Assuming the Boomer boom in scooters materializes as envisioned, therapists should start gearing up for it now, experts recommend.

“The PT or OT who wants to get in on this opportunity for practice expansion needs to learn as much as possible about scooters and about scooter seating and positioning,” says Schmeler. “This can be done through continuing education courses, networking with suppliers, and networking with universities. Scooters are not a complicated area to work in if you have good training and good suppliers who can help you understand the technology. Otherwise, it can all seem overwhelming.”

He is, of course, right. Understanding the full medical advantages of scooters is critical to any patient’s quality of life—even to those whose former motto of trusting no one over 30 has been updated to “trust no one over 100.”

Clearing the Medicare Hurdle

In the past, scooters were harder to obtain than power wheelchairs if the tab was to be picked up by Medicare.

“A power wheelchair could be prescribed by any physician, whereas a scooter had to be prescribed by a specialist in physical medicine, pulmonology, cardiology, neurology, or orthopedics—that was Medicare’s way of controlling access to scooters,” says Mark Schmeler, PhD, OTR/L, ATP, with the Department of Rehabilitation Science and Technology at the University of Pittsburgh. “But now, Medicare allows any physician to prescribe a scooter, same as a power wheelchair.”

If only it were that simple. This year, the Centers for Medicare and Medicaid Services will implement new guidelines for documenting the medical necessity of prescriptions for scooters (and power wheelchairs). Alas, with mere months to go now, the only thing clear about the requirements is just how unclear everyone is about what to expect once the changes take effect.

Larry Rice, chief operating officer of Dallas-based In Home Products, a growing provider of rehab and durable medical equipment wares (including scooters), says that—from what he has been able to glean so far—the biggest difference will be a demand for significantly more detail in the doctor progress notes from which a determination of medical necessity for the prescribed scooter and its related modifications is made.
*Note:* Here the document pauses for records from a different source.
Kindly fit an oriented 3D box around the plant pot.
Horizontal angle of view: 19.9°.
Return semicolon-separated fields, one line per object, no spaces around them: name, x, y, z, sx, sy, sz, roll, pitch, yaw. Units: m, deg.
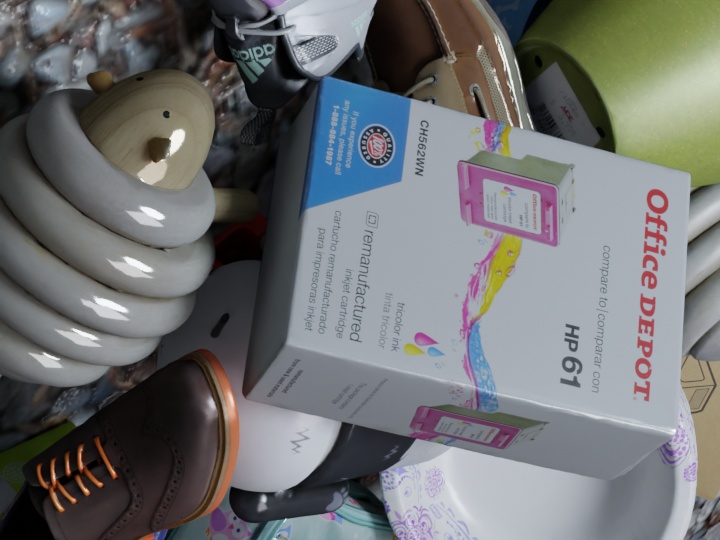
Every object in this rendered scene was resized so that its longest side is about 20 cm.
plant pot;0.183;-0.121;1.135;0.199;0.187;0.188;-28;140;-26

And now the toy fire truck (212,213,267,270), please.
toy fire truck;0.000;0.000;1.215;0.199;0.049;0.142;-33;140;-27

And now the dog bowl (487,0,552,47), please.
dog bowl;0.089;-0.082;1.199;0.111;0.049;0.202;19;89;-52

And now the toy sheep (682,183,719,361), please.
toy sheep;0.202;-0.013;1.241;0.137;0.200;0.138;-35;162;-13

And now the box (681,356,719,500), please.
box;0.176;0.057;1.359;0.021;0.198;0.164;-74;-174;-55

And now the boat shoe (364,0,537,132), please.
boat shoe;0.046;-0.082;1.086;0.075;0.201;0.072;-24;-170;45

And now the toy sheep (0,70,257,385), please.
toy sheep;-0.133;-0.011;0.970;0.137;0.138;0.201;8;122;-52

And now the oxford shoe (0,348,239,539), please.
oxford shoe;-0.123;0.104;1.019;0.072;0.072;0.200;-11;155;-37

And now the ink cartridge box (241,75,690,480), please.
ink cartridge box;0.055;0.006;0.996;0.198;0.146;0.085;14;154;-14

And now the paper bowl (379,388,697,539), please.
paper bowl;0.116;0.116;1.312;0.202;0.200;0.104;-62;177;17

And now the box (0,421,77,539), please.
box;-0.228;0.175;1.113;0.199;0.048;0.123;-23;137;-35

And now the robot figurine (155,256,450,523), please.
robot figurine;-0.016;0.049;1.092;0.199;0.152;0.124;-7;169;-45

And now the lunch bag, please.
lunch bag;-0.049;0.200;1.318;0.161;0.077;0.200;-55;147;7

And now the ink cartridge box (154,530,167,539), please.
ink cartridge box;-0.181;0.197;1.114;0.199;0.039;0.100;-5;123;-49

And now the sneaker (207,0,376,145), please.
sneaker;-0.055;-0.129;0.976;0.199;0.077;0.141;-5;107;-46
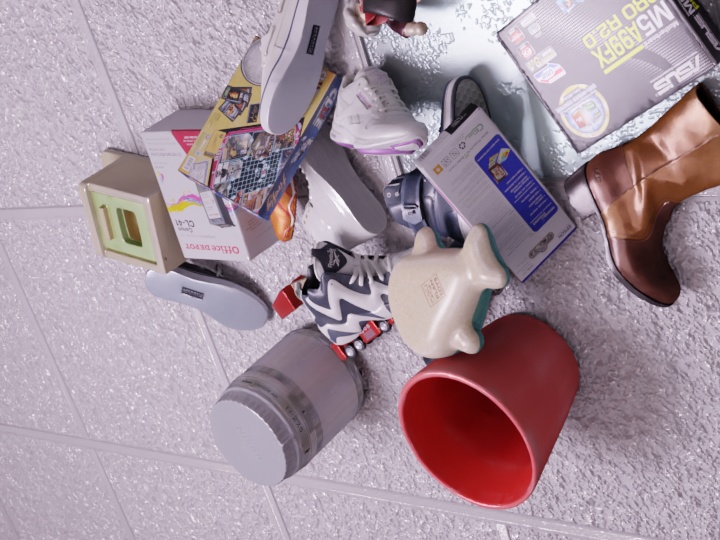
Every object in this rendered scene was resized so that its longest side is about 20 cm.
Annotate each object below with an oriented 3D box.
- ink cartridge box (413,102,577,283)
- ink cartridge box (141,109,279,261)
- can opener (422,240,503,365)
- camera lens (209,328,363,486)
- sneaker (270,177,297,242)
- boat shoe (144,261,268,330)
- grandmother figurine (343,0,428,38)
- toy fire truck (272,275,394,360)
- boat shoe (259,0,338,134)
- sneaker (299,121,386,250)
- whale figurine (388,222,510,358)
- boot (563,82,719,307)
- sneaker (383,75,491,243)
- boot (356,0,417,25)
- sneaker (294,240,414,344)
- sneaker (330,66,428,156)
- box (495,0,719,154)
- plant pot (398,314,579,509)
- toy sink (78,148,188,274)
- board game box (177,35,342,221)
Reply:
[{"bbox_3d":[0.156,-0.086,1.359,0.200,0.095,0.037,46,180,-24],"label":"ink cartridge box"},{"bbox_3d":[-0.209,-0.121,1.691,0.146,0.085,0.203,4,119,40],"label":"ink cartridge box"},{"bbox_3d":[0.130,0.046,1.521,0.079,0.063,0.202,51,139,36],"label":"can opener"},{"bbox_3d":[-0.103,0.194,1.730,0.158,0.200,0.162,23,132,28],"label":"camera lens"},{"bbox_3d":[-0.127,-0.134,1.604,0.073,0.076,0.203,-112,11,-71],"label":"sneaker"},{"bbox_3d":[-0.230,0.030,1.828,0.196,0.068,0.075,16,120,2],"label":"boat shoe"},{"bbox_3d":[0.048,-0.320,1.347,0.199,0.060,0.123,-25,73,51],"label":"grandmother figurine"},{"bbox_3d":[-0.028,0.048,1.676,0.142,0.049,0.200,52,138,2],"label":"toy fire truck"},{"bbox_3d":[-0.089,-0.269,1.452,0.069,0.070,0.203,27,106,38],"label":"boat shoe"},{"bbox_3d":[-0.059,-0.112,1.573,0.202,0.073,0.115,57,142,0],"label":"sneaker"},{"bbox_3d":[0.117,0.018,1.389,0.200,0.103,0.161,-45,63,49],"label":"whale figurine"},{"bbox_3d":[0.342,-0.074,1.269,0.199,0.068,0.190,-34,86,41],"label":"boot"},{"bbox_3d":[0.088,-0.133,1.426,0.145,0.076,0.206,13,116,45],"label":"sneaker"},{"bbox_3d":[0.001,-0.354,1.304,0.200,0.072,0.146,42,125,37],"label":"boot"},{"bbox_3d":[0.000,0.000,1.529,0.198,0.080,0.129,-30,125,26],"label":"sneaker"},{"bbox_3d":[0.017,-0.189,1.411,0.199,0.074,0.102,25,113,60],"label":"sneaker"},{"bbox_3d":[0.255,-0.235,1.226,0.161,0.044,0.199,55,139,-3],"label":"box"},{"bbox_3d":[0.172,0.161,1.477,0.198,0.177,0.203,22,133,26],"label":"plant pot"},{"bbox_3d":[-0.347,-0.091,1.813,0.198,0.112,0.132,16,128,33],"label":"toy sink"},{"bbox_3d":[-0.126,-0.181,1.508,0.134,0.202,0.035,28,175,23],"label":"board game box"}]
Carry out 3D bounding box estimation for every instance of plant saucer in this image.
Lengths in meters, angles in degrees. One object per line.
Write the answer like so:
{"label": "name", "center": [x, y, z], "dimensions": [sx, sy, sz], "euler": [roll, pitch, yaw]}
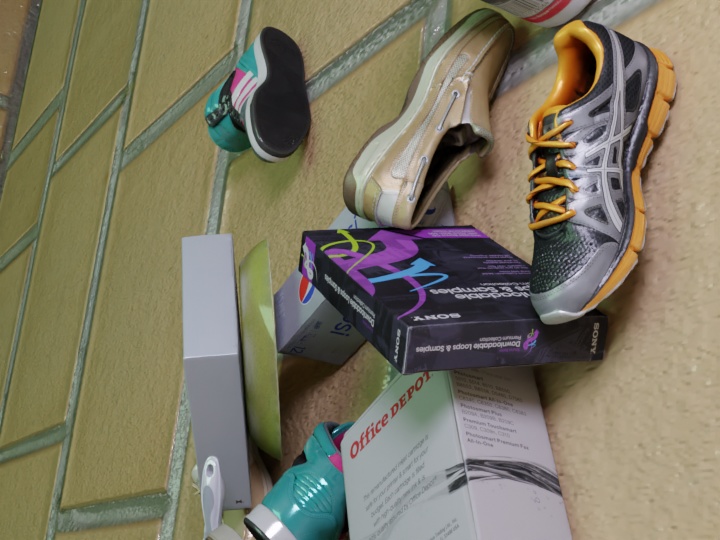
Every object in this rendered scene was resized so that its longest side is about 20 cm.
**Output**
{"label": "plant saucer", "center": [-0.092, 0.072, 1.114], "dimensions": [0.200, 0.031, 0.203], "euler": [176, 90, -85]}

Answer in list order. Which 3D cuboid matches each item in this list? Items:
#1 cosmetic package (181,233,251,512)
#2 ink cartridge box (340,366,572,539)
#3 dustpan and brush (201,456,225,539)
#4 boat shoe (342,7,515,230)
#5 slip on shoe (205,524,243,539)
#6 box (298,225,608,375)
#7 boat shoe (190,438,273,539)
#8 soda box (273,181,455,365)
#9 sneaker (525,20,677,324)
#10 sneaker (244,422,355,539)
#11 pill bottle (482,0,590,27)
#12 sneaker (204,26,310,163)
{"label": "cosmetic package", "center": [-0.128, 0.093, 1.095], "dimensions": [0.152, 0.051, 0.202], "euler": [-103, 10, -48]}
{"label": "ink cartridge box", "center": [0.061, 0.169, 0.799], "dimensions": [0.146, 0.083, 0.202], "euler": [-50, 34, 41]}
{"label": "dustpan and brush", "center": [-0.121, 0.259, 1.045], "dimensions": [0.138, 0.057, 0.203], "euler": [3, 87, 30]}
{"label": "boat shoe", "center": [0.071, -0.109, 0.922], "dimensions": [0.076, 0.072, 0.201], "euler": [24, 72, 32]}
{"label": "slip on shoe", "center": [-0.084, 0.256, 0.918], "dimensions": [0.060, 0.076, 0.200], "euler": [-40, 29, -13]}
{"label": "box", "center": [0.056, 0.014, 0.827], "dimensions": [0.200, 0.141, 0.037], "euler": [-137, 49, -60]}
{"label": "boat shoe", "center": [-0.132, 0.198, 1.182], "dimensions": [0.074, 0.068, 0.201], "euler": [-58, 31, 30]}
{"label": "soda box", "center": [0.000, 0.000, 1.029], "dimensions": [0.200, 0.067, 0.064], "euler": [-49, 38, 43]}
{"label": "sneaker", "center": [0.133, -0.063, 0.756], "dimensions": [0.078, 0.077, 0.202], "euler": [-17, 51, 53]}
{"label": "sneaker", "center": [-0.028, 0.181, 0.967], "dimensions": [0.121, 0.084, 0.200], "euler": [-42, -10, -13]}
{"label": "pill bottle", "center": [0.076, -0.258, 0.866], "dimensions": [0.111, 0.198, 0.112], "euler": [-40, 42, 48]}
{"label": "sneaker", "center": [-0.119, -0.163, 1.332], "dimensions": [0.121, 0.083, 0.202], "euler": [-47, 29, 35]}

Says Rice, “If the doctor puts down on paper that the patient would benefit from a molded seating system, Medicare is going to start wanting the doctor to provide details galore about the patient’s medical history, physical examination details, diagnostic test results, summary of findings, diagnoses, and treatment plans, in addition to the power mobility device prescription.”

The problem therein as Rice perceives it is that doctors will—as in the past—be developing this supporting documentation from evaluations conducted by physical therapists or occupational therapists who know “everything about anatomy, but a lot less about products and applications,” he says.

Thus, everything seems to hinge on improving therapist familiarity with the product choices and the seating-and-positioning possibilities.

“Well-educated therapists are going to be in the best position to help the referring doctors produce progress notes with the kind of information Medicare and other payors will find acceptable,” Rice says. “The quality of those notes will play a big role in whether and to what extent the client receives a scooter that meets his or her needs.”

—RS

Rich Smith is a contributing writer for Rehab Management.